Students with Alamance-Burlington School System recently spent the day at Loy Farm as part of a National Science Foundation-funded camp.
Alamance County middle school students recently spent the morning getting buggy at Elon’s Loy Farm through a National Science Foundation-funded camp focused on providing hands-on nature experiences.
Through the Discover Science camp, dozens of rising seventh- and eighth-grade students explored the farm’s patch of “Piedmont prairie,” garden plots and greenhouses as they documented, collected and examined a wide range of insects. The half-day session was part of the multi-day Discover Science camp that is headed by Kristin Osborne, a science teacher at Hawfields Middle School, and is part of a larger Students Discover initiatives funded by the National Science Foundation.
Assisting the students with their discoveries was Jen Hamel, assistant professor of biology whose research focus includes the social behavior of insects. Working with Hamel and the students were Elon students Alina Iwan, Davis McGuirt and Connor Whiffen.
“I want them to have the experience of getting out and in a hands-on way connecting with nature and exploring it,” Hamel told FOX 8, a High Point-based television station that covered the camp activities at Loy Farm. “
In the Loy Farm high tunnel, the campers worked with the trio of Elon students to document the insects on the zucchini plants. That included taking photos of the insects the campers found and collecting the cucumber beetles that were found.

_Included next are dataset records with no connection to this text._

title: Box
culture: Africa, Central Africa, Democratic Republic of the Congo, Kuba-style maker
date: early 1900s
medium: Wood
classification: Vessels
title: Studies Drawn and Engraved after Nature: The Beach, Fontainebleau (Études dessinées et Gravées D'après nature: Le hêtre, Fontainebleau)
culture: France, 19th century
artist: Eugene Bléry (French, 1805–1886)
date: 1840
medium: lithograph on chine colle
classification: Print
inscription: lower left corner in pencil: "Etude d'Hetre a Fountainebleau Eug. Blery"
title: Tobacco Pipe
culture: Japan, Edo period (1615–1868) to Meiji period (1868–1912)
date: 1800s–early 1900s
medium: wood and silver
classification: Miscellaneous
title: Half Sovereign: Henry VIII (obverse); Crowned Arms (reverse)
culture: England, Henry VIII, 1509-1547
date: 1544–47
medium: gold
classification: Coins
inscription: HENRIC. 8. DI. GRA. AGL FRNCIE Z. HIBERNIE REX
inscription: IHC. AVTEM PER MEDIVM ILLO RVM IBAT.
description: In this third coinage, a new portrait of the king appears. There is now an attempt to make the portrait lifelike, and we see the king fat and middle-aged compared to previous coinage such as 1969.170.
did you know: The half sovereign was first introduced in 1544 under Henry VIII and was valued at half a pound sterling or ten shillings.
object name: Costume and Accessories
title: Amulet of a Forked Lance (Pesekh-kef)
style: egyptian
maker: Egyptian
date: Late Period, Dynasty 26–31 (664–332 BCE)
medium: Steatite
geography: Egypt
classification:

The photos and collected beetles were contributed to The Great Pumpkin project, a citizen-science project based at N.C. State University, with the photos submitted to the project through iNaturalist the beetles mailed to the N.C. State lab.
Hamel notes that anyone who is growing squash, zucchini or pumpkin can collect data for this project, with more information available here – http://studentsdiscover.org/lesson/the-great-pumpkin-project/.
Campers also sampled insects along the edge of the restored Piedmont prairie patch at the front of Loy Farm. This ecosystem was once common in this part of North Carolina, but has become rare.
Janet MacFall, professor of environmental studies and biology, worked with a restoration ecology course at Elon several years ago to plant the prairie at Loy Farm, and David Vandermast, associate professor of biology, has worked with some research students to sample prairie plant diversity during the last couple of years.
“We have not yet systematically sampled the prairie for insect diversity, but we think this would be interesting to do in future years,” Hamel said. “The camp visit provided an opportunity to take a quick look at some of what we might find there.”
Students collected insects including katydids, grasshoppers, beetles and skippers (which look like small butterflies) by hand and using sweep nets. Within the rows of vegetable plants at the farm, the students identified insects by the roles they played, including predators, herbivores and parasites.